Connolly also manages to grab some of the strongest stars in Australian cinema in front of the camera – including Cate Blanchett, Rose Byrne and Hugo Weaving. However, despite being in their safe hands for momentary scenes, the film fails to maintain the momentum, and often becomes lost in aim.
It possesses sprawling ambition – an adventure the creator called a ‘daft idea’ – and for that, admiration is deserved. Yet, many of the shorts become less stories, and more fragments, and a coherent whole is hard to nail down. I wish the bold cinematic idea had worked better, given how it’s adapting one of Australia’s most revered authors, set in small Australian communities, with some of the best of Australian cinematic talent on offer and gorgeous visual beauty captured, yet the film misses a crucial beat or two.

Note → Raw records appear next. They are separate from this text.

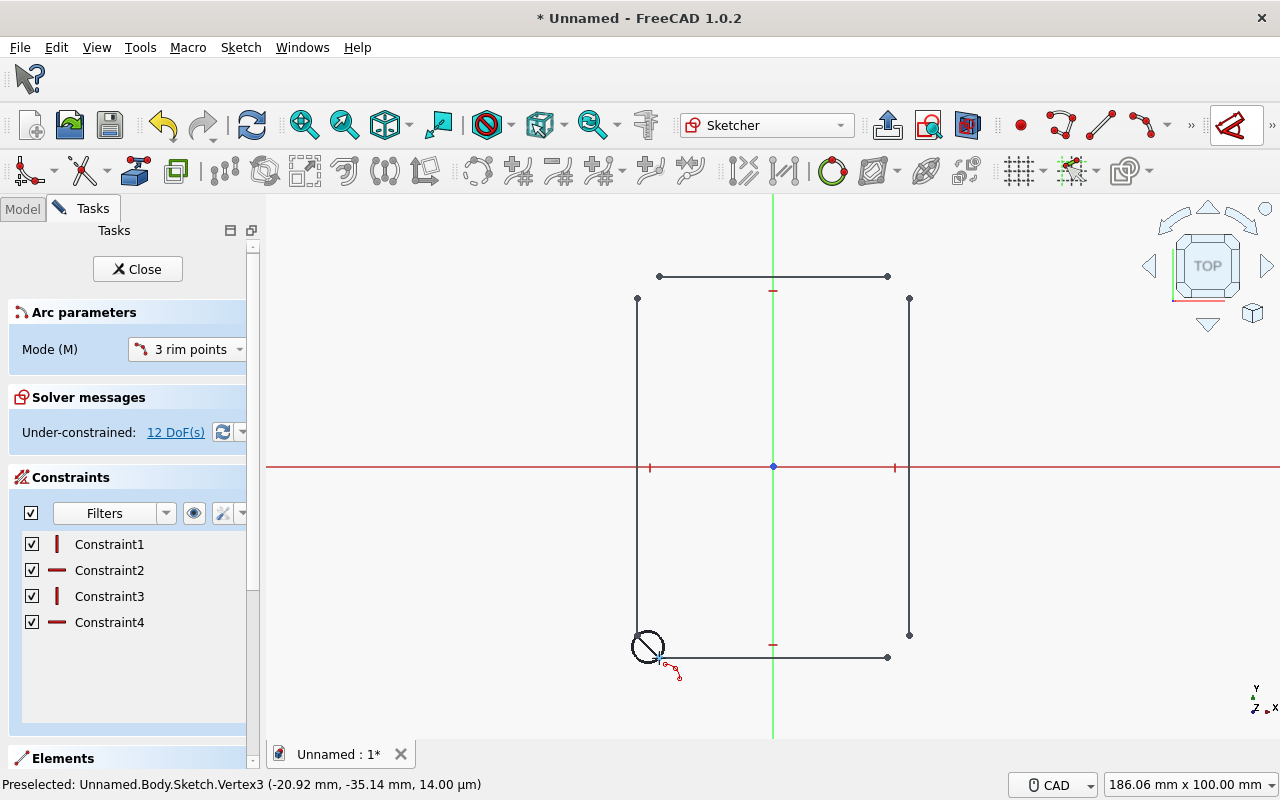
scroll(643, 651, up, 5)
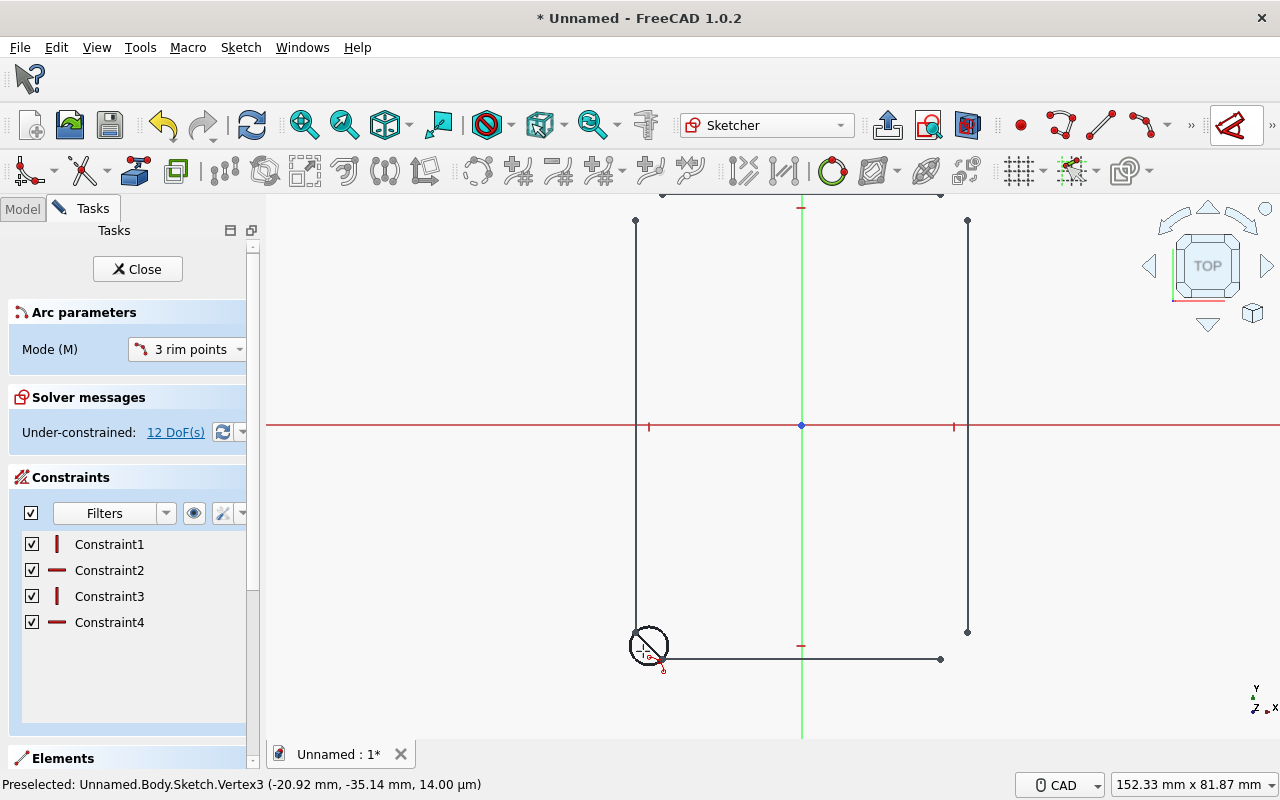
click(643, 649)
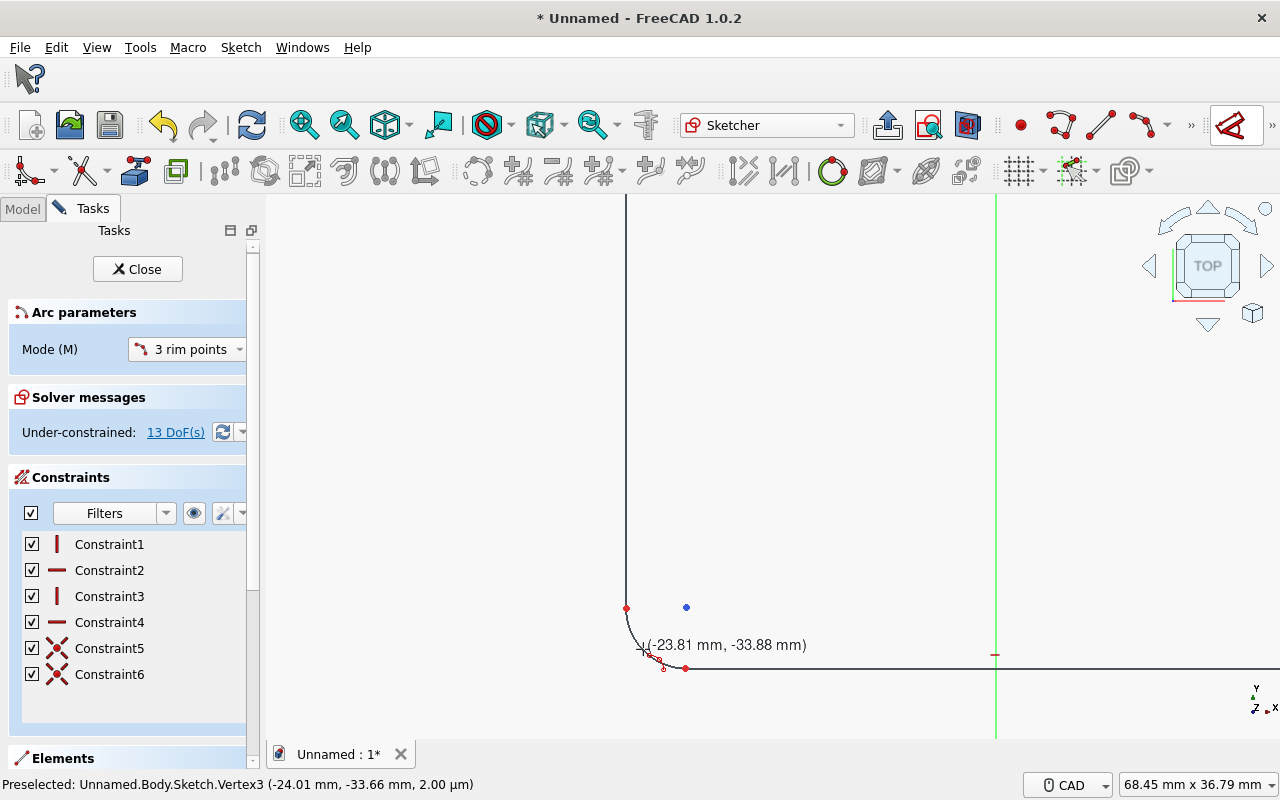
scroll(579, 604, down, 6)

Despite some star-sized performances and fantastic directorial deliveries, many of the shorts fall into the adaptation trap of simply showing images described in the book, thinking the significance will remain the same across the screen. Nevertheless, The Turning remains a film export not about the exotic lands or sprawling outback that often reaches other cinemas’ shores. Instead, it is firmly concerned with the daily life of the remote coastal towns and neighborhoods along Western Australia: angsty suburban workers, struggling working class, fishing towns and high school students, and notably, Aboriginal character-led stories.